Hao Quan, Dipti Srinivasan, Abbas Khosravi

    IEEE Transactions on Neural Networks and Learning Systems
    |May 9, 2014
    PubMed
    Summary
    This summary is machine-generated.

    This study introduces a neural network (NN) method using lower upper bound estimation (LUBE) to create prediction intervals (PIs) for uncertain power system load and renewable energy forecasts.
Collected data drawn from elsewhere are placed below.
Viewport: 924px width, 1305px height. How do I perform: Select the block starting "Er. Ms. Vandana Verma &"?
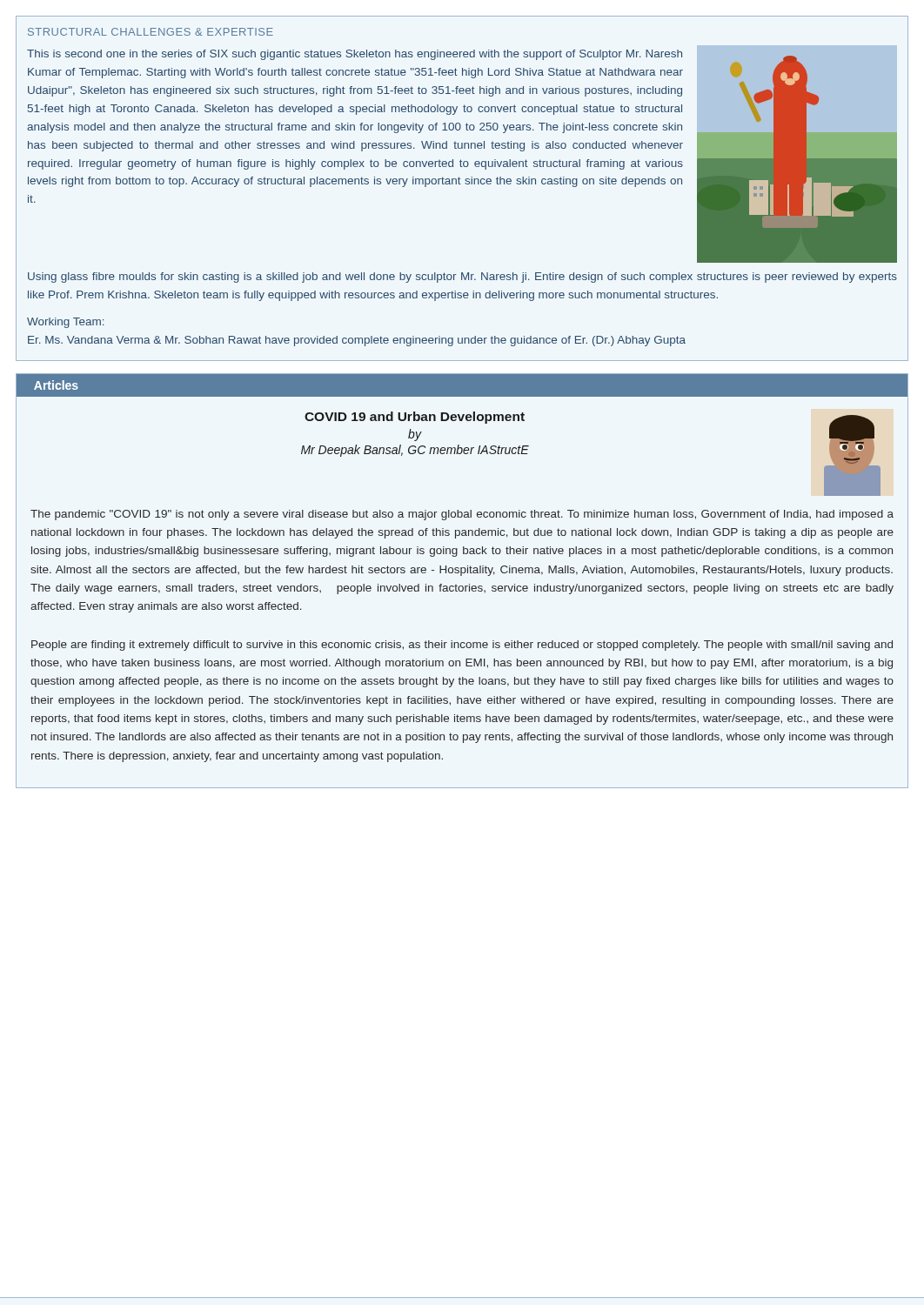[356, 340]
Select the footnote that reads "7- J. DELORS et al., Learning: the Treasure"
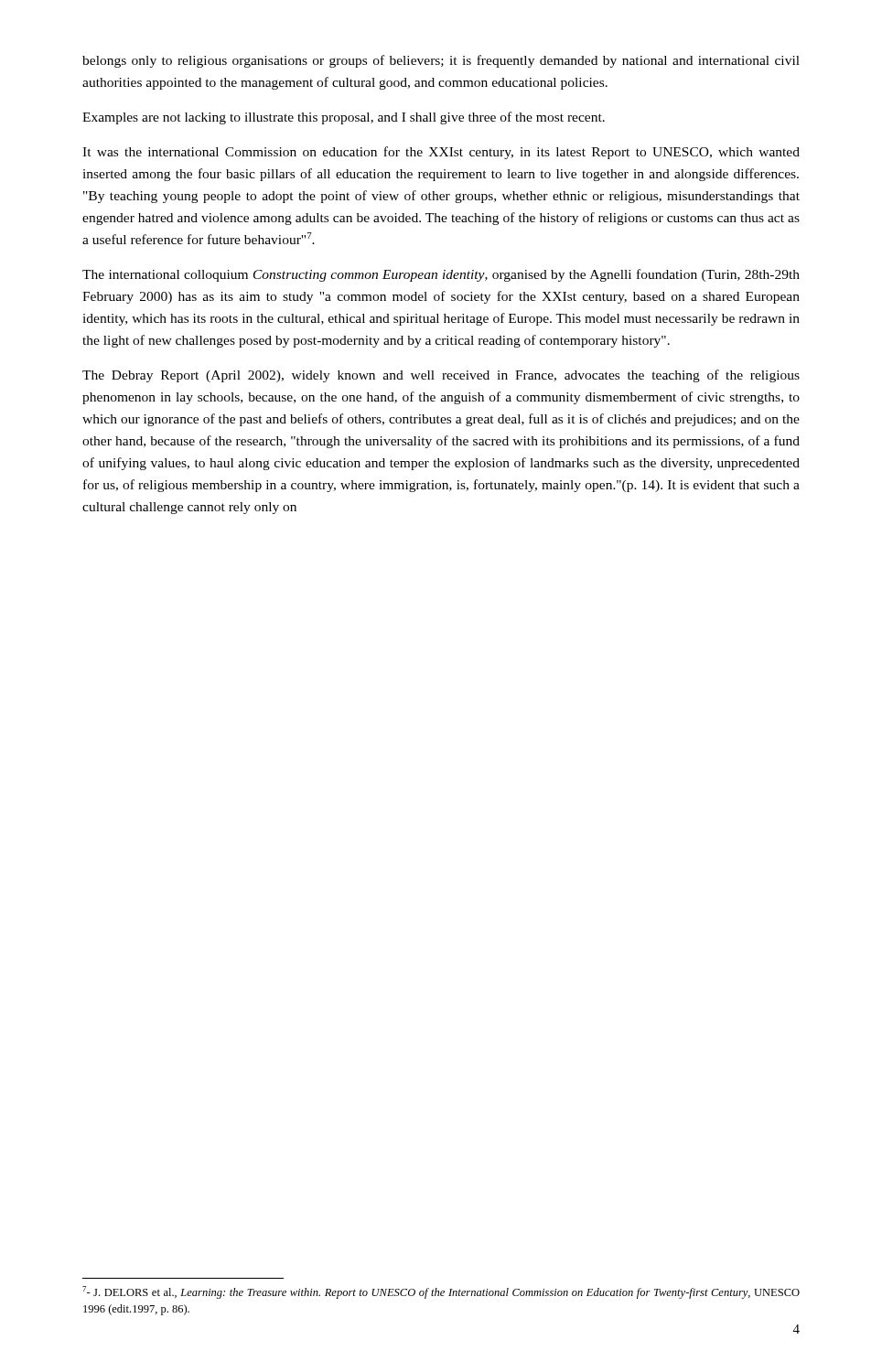The width and height of the screenshot is (882, 1372). (441, 1300)
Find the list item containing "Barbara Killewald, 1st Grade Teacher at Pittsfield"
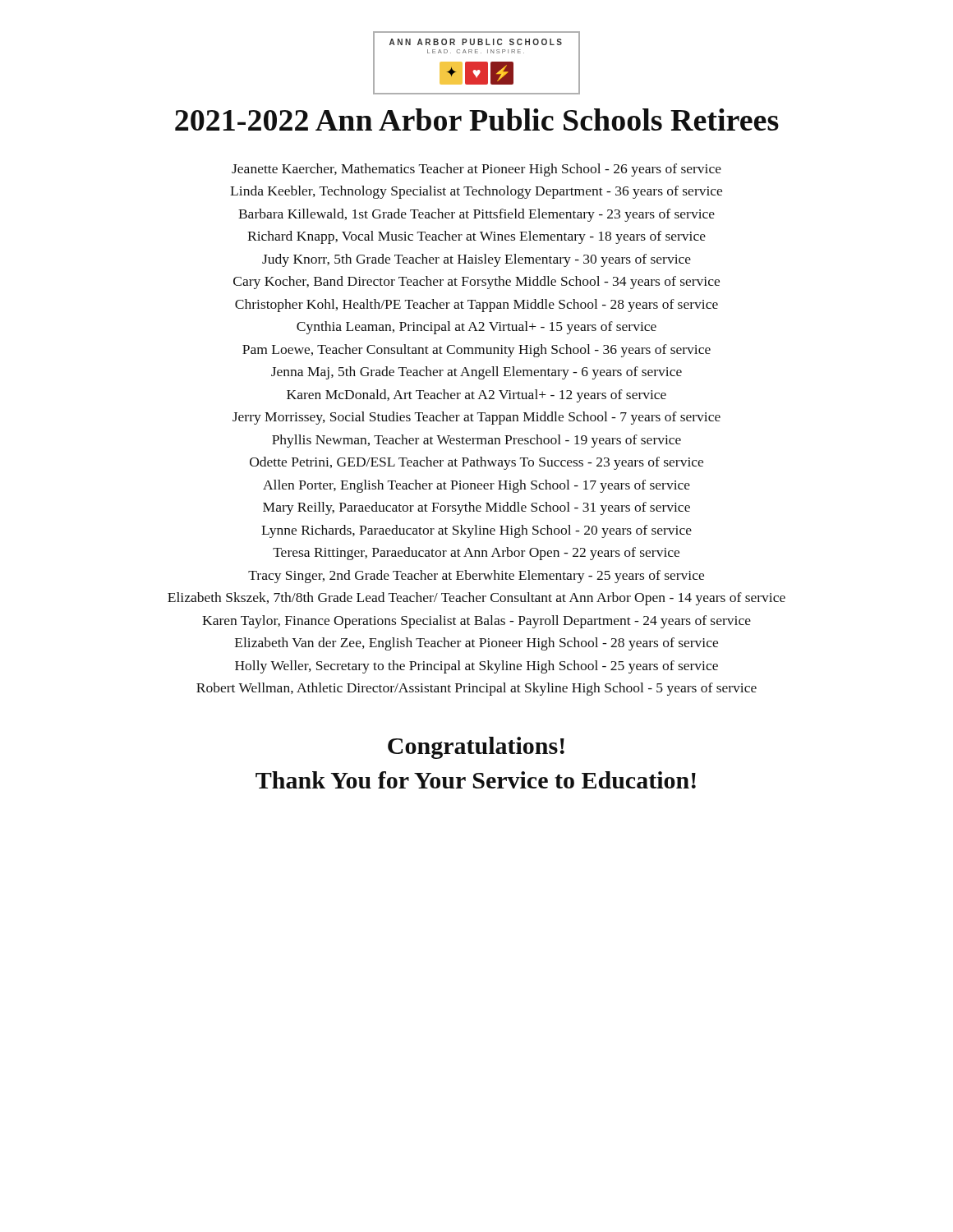The image size is (953, 1232). pos(476,214)
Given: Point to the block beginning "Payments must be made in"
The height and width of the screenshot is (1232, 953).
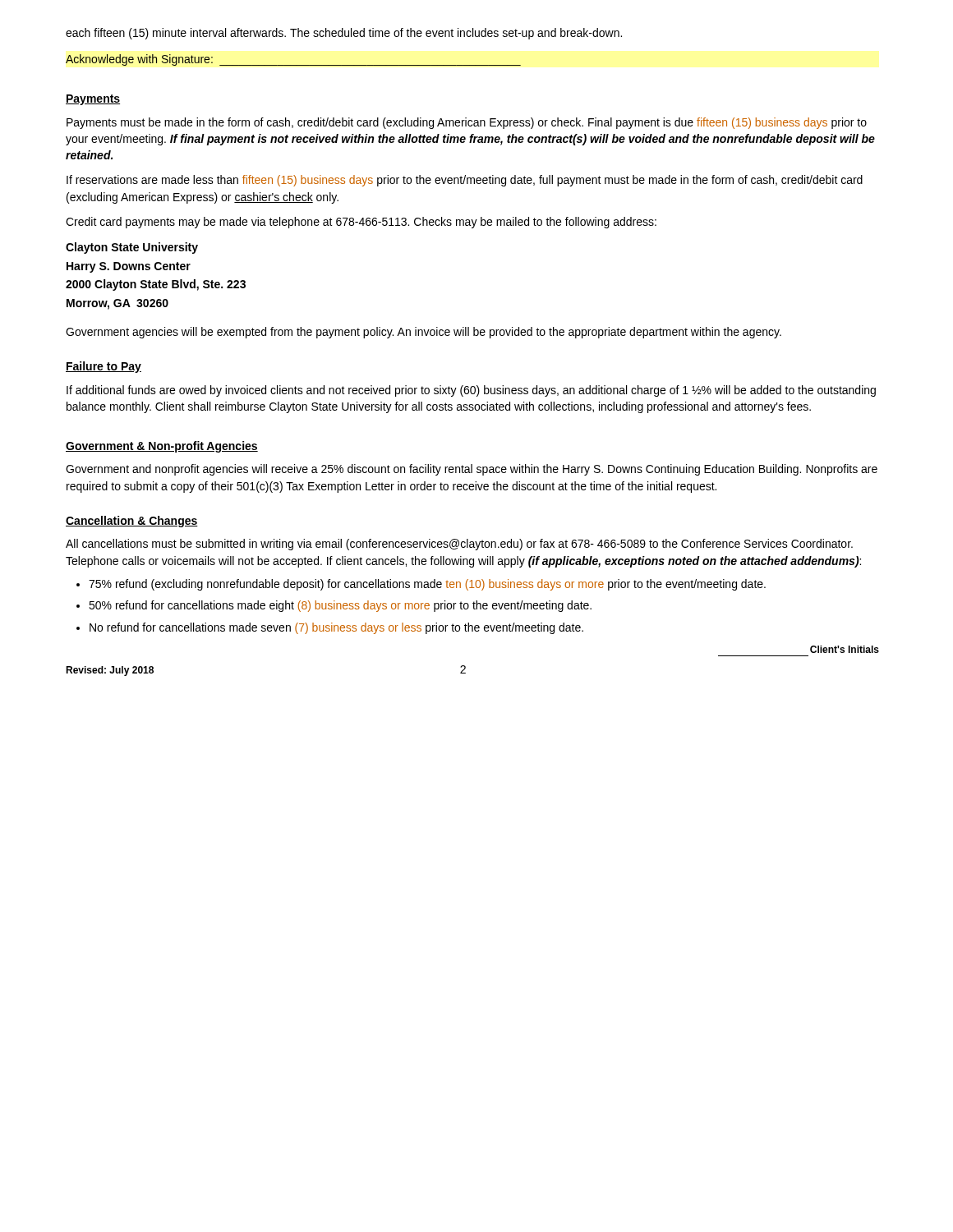Looking at the screenshot, I should pos(470,139).

The approach enhances forecast accuracy in evolving decentralized energy systems.

    Related Experiment Videos

    Area of Science:

    • Electrical Engineering
    • Computational Intelligence
    • Energy Systems

    Background:

    • Modern electrical power systems are transitioning towards decentralization, increasing reliance on variable renewable energy sources like wind and solar.
    • This shift introduces significant uncertainty, making accurate load forecasting crucial for effective power system management.
    • Traditional point forecasting methods struggle to address the inherent uncertainties in power system operations.

    Purpose of the Study:

    • To develop a robust method for quantifying forecast uncertainties in power systems.
    • To implement and extend a neural network (NN)-based approach for constructing prediction intervals (PIs).
    • To propose a novel problem formulation for optimizing prediction interval generation.

    Main Methods:

    • Application and extension of the lower upper bound estimation (LUBE) method with NN models.
    • Formulation of a constrained single-objective optimization problem derived from a multi-objective problem.
    • Integration of Particle Swarm Optimization (PSO) with a mutation operator to solve the optimization problem.

    Main Results:

    • The proposed PSO-based LUBE method successfully constructs high-quality prediction intervals (PIs).
    • Validation using electrical demand data from Singapore and New South Wales, and wind power generation from Capital Wind Farm.
    • Demonstrated ability to provide accurate PIs for both load and wind power forecasts in a timely manner.

    Conclusions:

    • The developed NN-based LUBE method effectively quantifies uncertainties in power system forecasting.
    • The novel problem formulation and PSO integration offer an efficient solution for generating reliable prediction intervals.
    • This approach is valuable for managing increasingly complex and decentralized energy systems.